T-9: Distant conversational speech recognition and analysis: Recent advances, and trends towards end-to-end optimization
Keisuke Kinoshita, Yusuke Fujita, Naoyuki Kanda, Shinji Watanabe
-
SPS
IEEE Members: $11.00
Non-members: $15.00Length: 03:43:32
Recognizing unsegmented conversational speech recorded with distant microphone(s) is a challenging but an essential task to be solved to unfold a myriad of new speech applications, such as a communication agent that can understand, respond to and facilitate our conversation. This task contains a number of subtasks, which has been studied rather independently for a decade, such as multichannel/single-channel source separation, speaker diarization with source number counting, and conversational speech recognition. This tutorial first revisits, with demonstration, current state-of-the-art systems for this task, which were developed for challenges such as CHiME 5-6 challenges, and commercial products. These systems typically consist of a combination of well-established independently optimized modules.
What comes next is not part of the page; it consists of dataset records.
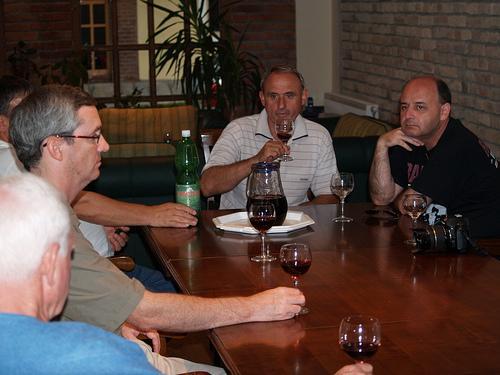What can happen if too much of this liquid is ingested?

Choices:
A) floatation
B) sickness
C) strangulation
D) hypnosis sickness

While these systems are designed carefully to consolidate these independent modules, there is still a large room for improvement. In the latter part of the tutorial, we introduce a recent new research trend that aims to establish an optimal joint neural system that solves those subtasks all together, through end-to-end optimization based on common integrated objective. By showing the potential of such jointly-optimal systems that now start outperforming previous top-performing systems in many tasks, we discuss the future directions and challenges for this task from both industry and academic perspectives.